必要な情報を持ち寄り、切り口を共有してワークショップをくり返す。そうやって、これまで何も考えてこなかったチームが、自分たちで考えることができるようになるのにどの程度の時間が必要でしょうか。優秀な人たちなら1回のワークショップだけで変わることもありますが、私の経験では、ほとんどのチームが2、3回のワークショップを経験するとできるようになります。時間にして1~2ヵ月。長くて半年ぐらいです。この時間を長すぎると考えるか、考えるチーム、学習する組織を育てるために必要な投資と考えるのかは重要な経営判断だと思います。
〈技術6〉
収束の技術
収束する前にできるだけ発散するというのは、アイデアを生むための基本ですが、ワークショップでもこのルールは大切です。しかし、私の経験では発散はそれほど難しくなく、むしろ収束で困っているファシリテーターが多いように思います。グランドルールの中に「否定しない」といったことが書かれていて、それにとらわれて絞りこめないということもあるようです。
否定的な発言をせずに、優先順位をつけて絞りこむのに役に立つのが、『ストーリーでわかるファシリテーター入門』にくり返し出てきたペイオフ・マトリックスです。私が好きな簡単で強力なツールです。
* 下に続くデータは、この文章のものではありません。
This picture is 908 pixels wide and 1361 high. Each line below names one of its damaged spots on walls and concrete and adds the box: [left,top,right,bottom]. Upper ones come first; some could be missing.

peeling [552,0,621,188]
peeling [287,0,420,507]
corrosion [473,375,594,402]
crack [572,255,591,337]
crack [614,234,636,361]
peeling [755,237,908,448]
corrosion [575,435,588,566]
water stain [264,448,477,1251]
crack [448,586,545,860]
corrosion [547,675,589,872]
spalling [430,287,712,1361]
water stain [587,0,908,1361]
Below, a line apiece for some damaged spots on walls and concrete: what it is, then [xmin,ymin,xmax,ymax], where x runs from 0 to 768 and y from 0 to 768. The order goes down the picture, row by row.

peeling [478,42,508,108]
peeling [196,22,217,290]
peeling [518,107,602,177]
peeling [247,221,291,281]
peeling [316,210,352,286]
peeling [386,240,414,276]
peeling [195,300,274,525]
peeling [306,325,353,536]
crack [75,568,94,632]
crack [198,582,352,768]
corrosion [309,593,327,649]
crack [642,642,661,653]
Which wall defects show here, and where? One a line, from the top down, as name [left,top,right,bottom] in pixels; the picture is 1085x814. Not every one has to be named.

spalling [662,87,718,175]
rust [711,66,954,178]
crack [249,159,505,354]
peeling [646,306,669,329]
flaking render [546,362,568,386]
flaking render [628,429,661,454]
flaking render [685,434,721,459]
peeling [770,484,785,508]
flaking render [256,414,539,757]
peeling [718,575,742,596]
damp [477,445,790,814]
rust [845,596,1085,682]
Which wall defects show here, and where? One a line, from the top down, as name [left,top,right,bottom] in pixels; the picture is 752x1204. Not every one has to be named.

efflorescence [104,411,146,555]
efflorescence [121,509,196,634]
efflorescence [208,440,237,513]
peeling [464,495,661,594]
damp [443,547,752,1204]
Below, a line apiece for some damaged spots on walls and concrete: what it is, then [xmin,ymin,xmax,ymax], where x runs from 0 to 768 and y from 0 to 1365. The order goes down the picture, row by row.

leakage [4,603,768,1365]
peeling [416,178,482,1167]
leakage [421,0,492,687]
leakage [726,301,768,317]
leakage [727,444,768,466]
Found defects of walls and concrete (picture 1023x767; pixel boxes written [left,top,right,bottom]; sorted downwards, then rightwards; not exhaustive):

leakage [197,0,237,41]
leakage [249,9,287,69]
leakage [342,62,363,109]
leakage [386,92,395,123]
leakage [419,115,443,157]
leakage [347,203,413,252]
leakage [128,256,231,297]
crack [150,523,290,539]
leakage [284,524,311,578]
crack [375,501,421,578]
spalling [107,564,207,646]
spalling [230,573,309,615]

縦軸に効果の大きさ、横軸にコストや実現可能性の大小をとる。要するに広い意味での費用対効果で分類した4つのゾーンに、アイデアを自分たちの手で分けてもらうのです。立ち上がって手を動かしながら、このペイオフ・マトリックスの貼られた壁に向かって話しあうのは意外と効率的な作業です。このような作業には、脳を活発に動かす作用があることも、いろいろな研究からわかってきています。
さて、そうやってできたペイオフ・マトリックスをどう扱えばいいでしょうか。まず図のDゾーンの案はあっさり捨てましょう。
Aゾーンに案があれば、それに取り組めばいいのですが、実際にはそこには案が残っていない場合が多いものです。その場合BとCから選ぶことになります。私は、チームにやる気があるときにはBを優先します。難しいが、効果は大きいというアイデアです。しかし、弱気になっていて、少しでも早く元気になる結果がほしい場面ではCゾーンに着目するように勧めます。
ペイオフ・マトリックスを使う代わりに、投票してもらうという手もあります。案件数が少なければ、投票の方がすぐに結論を出せるので便利です。